Task to complete:
After locating the line with "11) car [1159,847,1173,857]" in the data that follows, return it and every later line exactly, up to and including the line with "22) car [1064,847,1073,854]".

Dataset items
#####
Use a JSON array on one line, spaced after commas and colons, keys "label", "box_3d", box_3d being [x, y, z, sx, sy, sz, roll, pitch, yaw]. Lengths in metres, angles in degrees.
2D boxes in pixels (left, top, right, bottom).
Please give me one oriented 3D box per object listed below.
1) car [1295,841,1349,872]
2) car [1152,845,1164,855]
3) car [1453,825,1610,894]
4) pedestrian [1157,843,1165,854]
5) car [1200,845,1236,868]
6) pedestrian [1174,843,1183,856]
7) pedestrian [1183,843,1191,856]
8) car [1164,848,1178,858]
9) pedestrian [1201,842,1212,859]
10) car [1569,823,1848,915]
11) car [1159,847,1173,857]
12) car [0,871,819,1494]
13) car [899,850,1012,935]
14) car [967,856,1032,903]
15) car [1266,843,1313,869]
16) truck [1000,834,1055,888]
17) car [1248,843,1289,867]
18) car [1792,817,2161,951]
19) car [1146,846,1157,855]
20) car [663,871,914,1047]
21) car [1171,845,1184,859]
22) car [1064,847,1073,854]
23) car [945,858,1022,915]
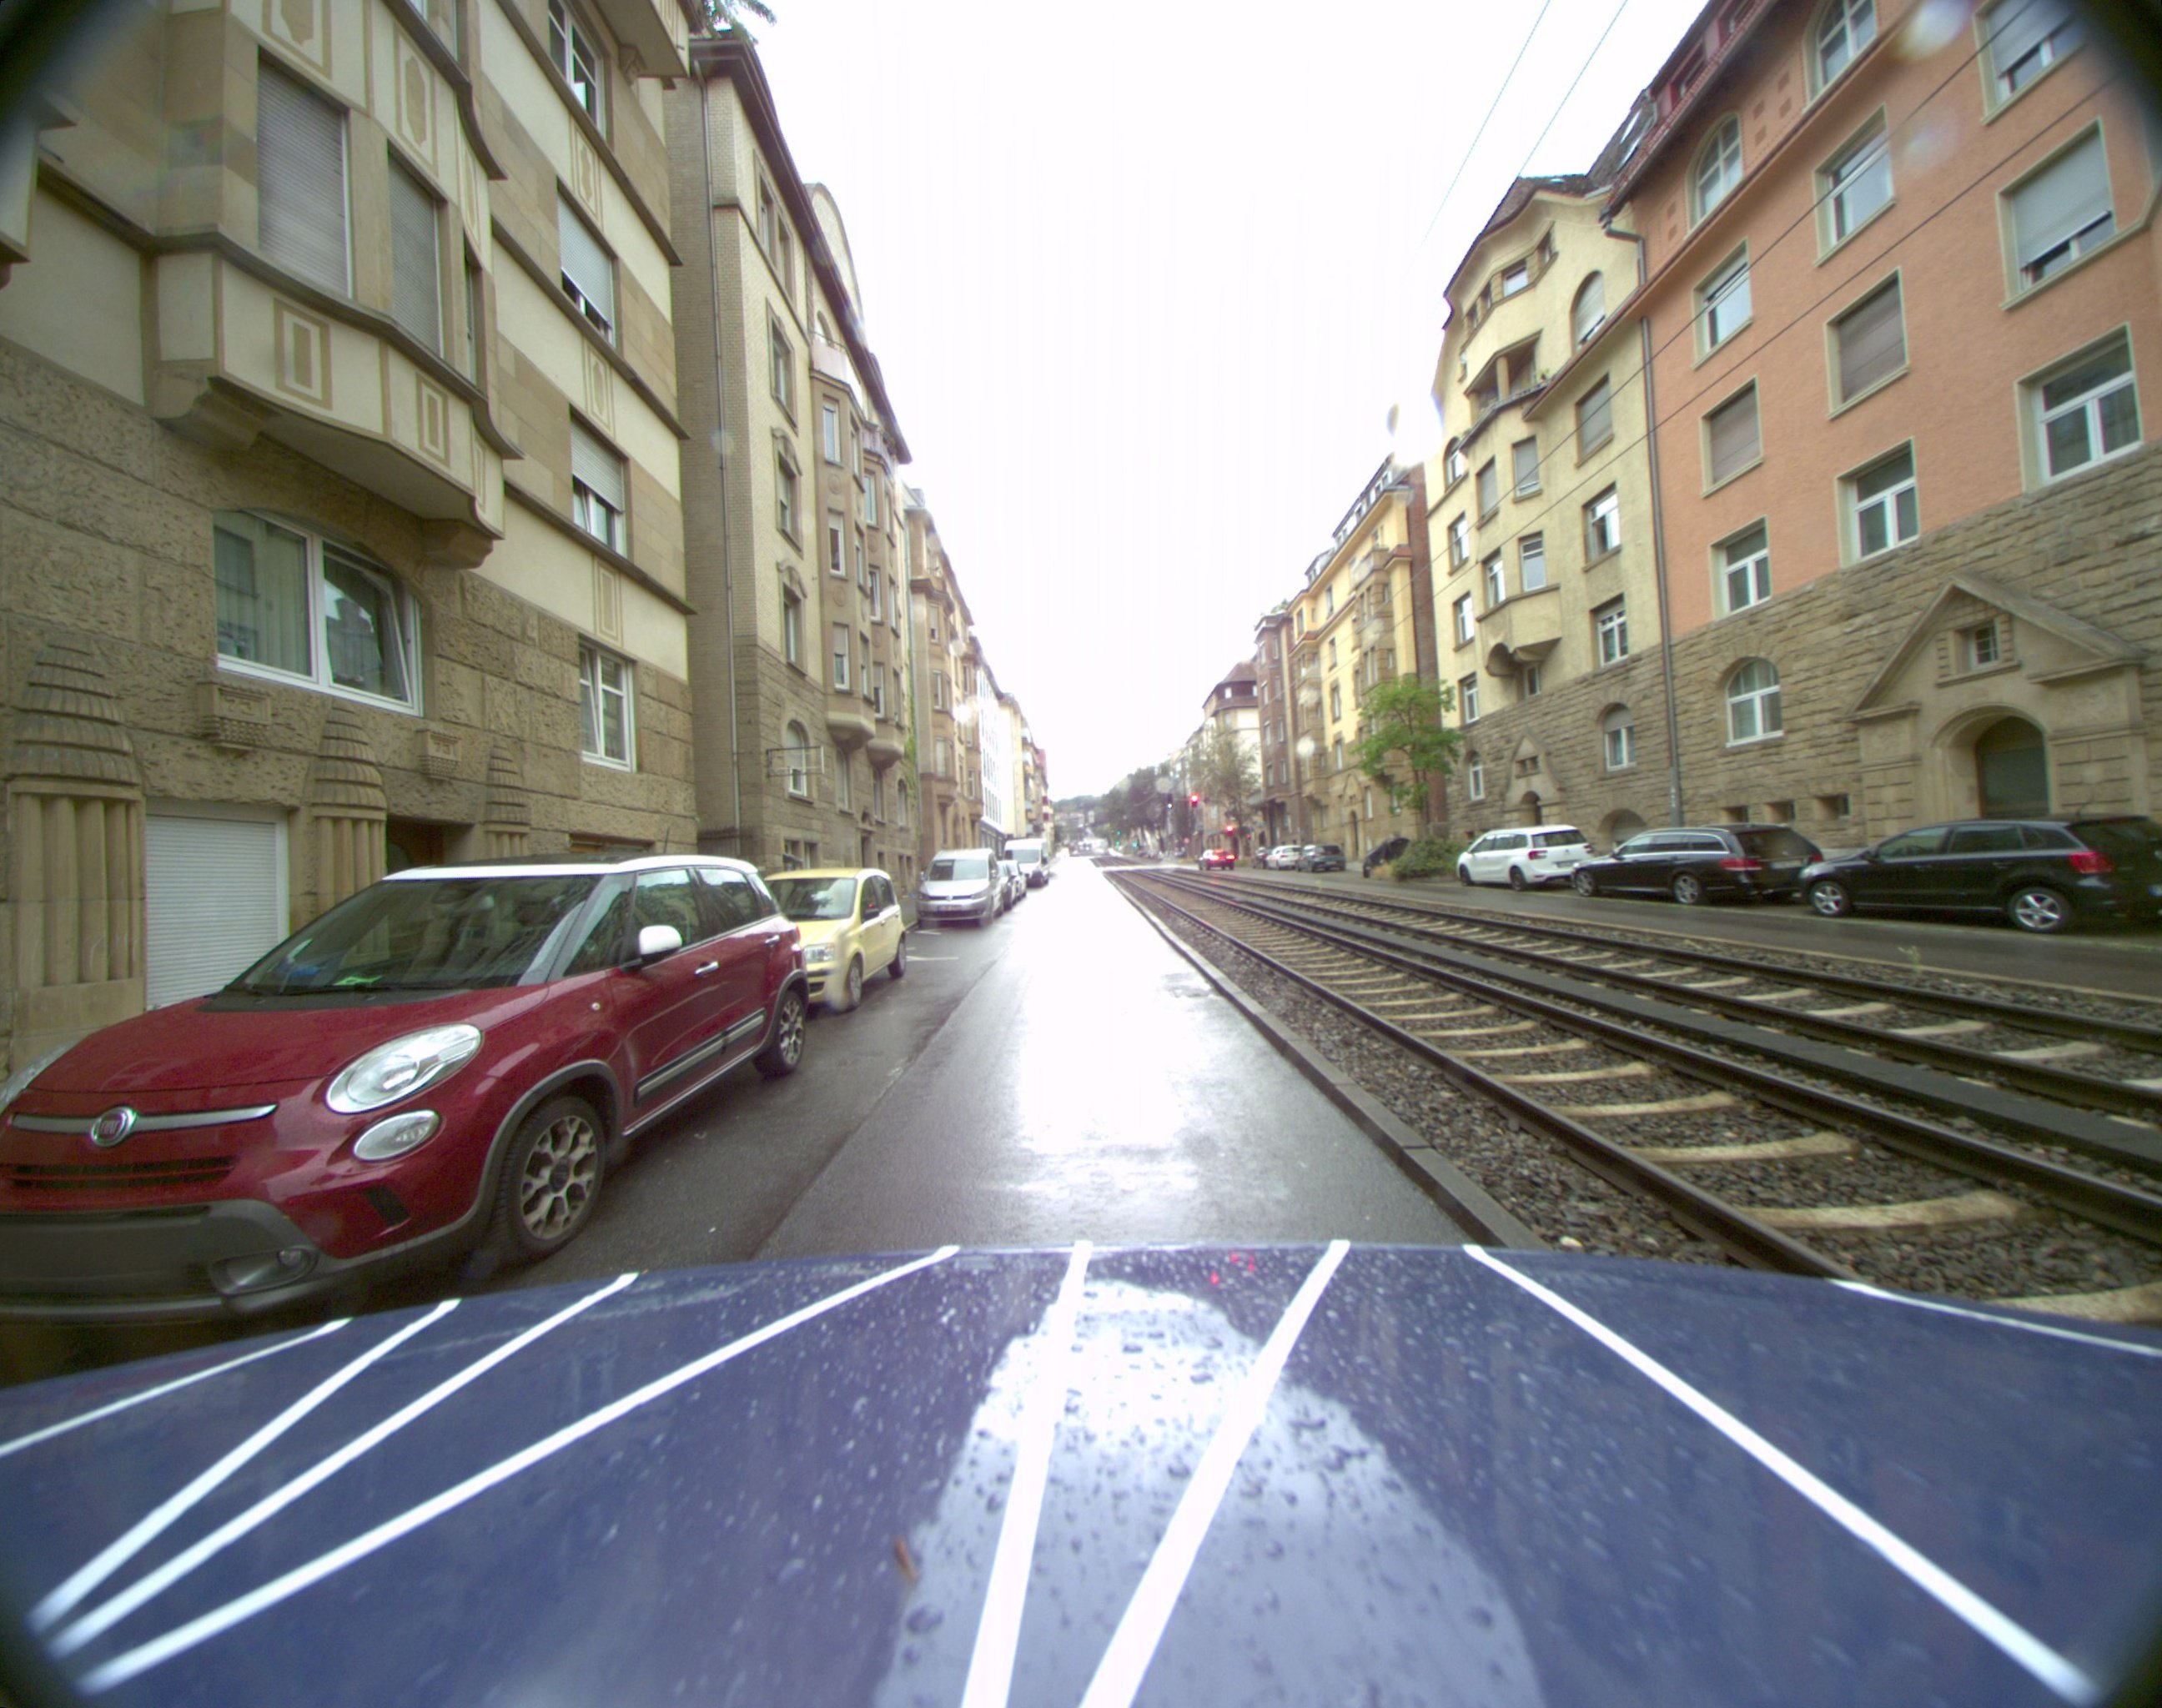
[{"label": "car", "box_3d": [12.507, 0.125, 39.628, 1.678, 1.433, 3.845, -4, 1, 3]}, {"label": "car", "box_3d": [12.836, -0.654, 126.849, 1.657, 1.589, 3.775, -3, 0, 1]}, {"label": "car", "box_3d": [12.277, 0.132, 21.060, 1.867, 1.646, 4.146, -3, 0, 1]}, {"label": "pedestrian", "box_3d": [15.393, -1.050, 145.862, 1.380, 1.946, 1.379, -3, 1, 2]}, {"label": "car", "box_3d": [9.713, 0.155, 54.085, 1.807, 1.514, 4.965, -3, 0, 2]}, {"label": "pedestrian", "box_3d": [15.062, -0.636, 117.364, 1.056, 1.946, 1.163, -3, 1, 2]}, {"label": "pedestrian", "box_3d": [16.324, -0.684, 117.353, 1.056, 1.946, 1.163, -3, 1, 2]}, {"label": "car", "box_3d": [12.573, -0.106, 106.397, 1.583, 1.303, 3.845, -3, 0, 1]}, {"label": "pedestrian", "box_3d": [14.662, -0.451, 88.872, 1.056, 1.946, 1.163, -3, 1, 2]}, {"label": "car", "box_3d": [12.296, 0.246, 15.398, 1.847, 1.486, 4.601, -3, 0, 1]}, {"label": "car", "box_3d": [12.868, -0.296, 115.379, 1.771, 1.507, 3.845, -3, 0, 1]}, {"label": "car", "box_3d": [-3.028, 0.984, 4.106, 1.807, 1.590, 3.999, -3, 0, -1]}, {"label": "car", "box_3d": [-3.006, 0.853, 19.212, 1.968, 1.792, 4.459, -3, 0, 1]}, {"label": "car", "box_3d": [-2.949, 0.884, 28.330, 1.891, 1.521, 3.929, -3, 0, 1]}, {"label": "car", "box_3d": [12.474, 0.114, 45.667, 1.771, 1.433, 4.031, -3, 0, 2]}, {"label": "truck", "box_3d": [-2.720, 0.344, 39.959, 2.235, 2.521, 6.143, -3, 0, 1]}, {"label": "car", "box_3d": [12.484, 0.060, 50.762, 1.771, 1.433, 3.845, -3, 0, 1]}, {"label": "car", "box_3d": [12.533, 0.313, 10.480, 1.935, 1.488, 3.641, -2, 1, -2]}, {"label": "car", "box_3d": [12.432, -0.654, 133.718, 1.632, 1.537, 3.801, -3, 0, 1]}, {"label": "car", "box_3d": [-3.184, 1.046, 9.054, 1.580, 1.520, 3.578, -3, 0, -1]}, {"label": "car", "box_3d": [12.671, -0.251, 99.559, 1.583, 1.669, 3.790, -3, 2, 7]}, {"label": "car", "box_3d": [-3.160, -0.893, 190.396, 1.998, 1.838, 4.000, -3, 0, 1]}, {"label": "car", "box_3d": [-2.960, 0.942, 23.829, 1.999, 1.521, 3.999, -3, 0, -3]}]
#####
Problem solution:
11) car [1159,847,1173,857]
12) car [0,871,819,1494]
13) car [899,850,1012,935]
14) car [967,856,1032,903]
15) car [1266,843,1313,869]
16) truck [1000,834,1055,888]
17) car [1248,843,1289,867]
18) car [1792,817,2161,951]
19) car [1146,846,1157,855]
20) car [663,871,914,1047]
21) car [1171,845,1184,859]
22) car [1064,847,1073,854]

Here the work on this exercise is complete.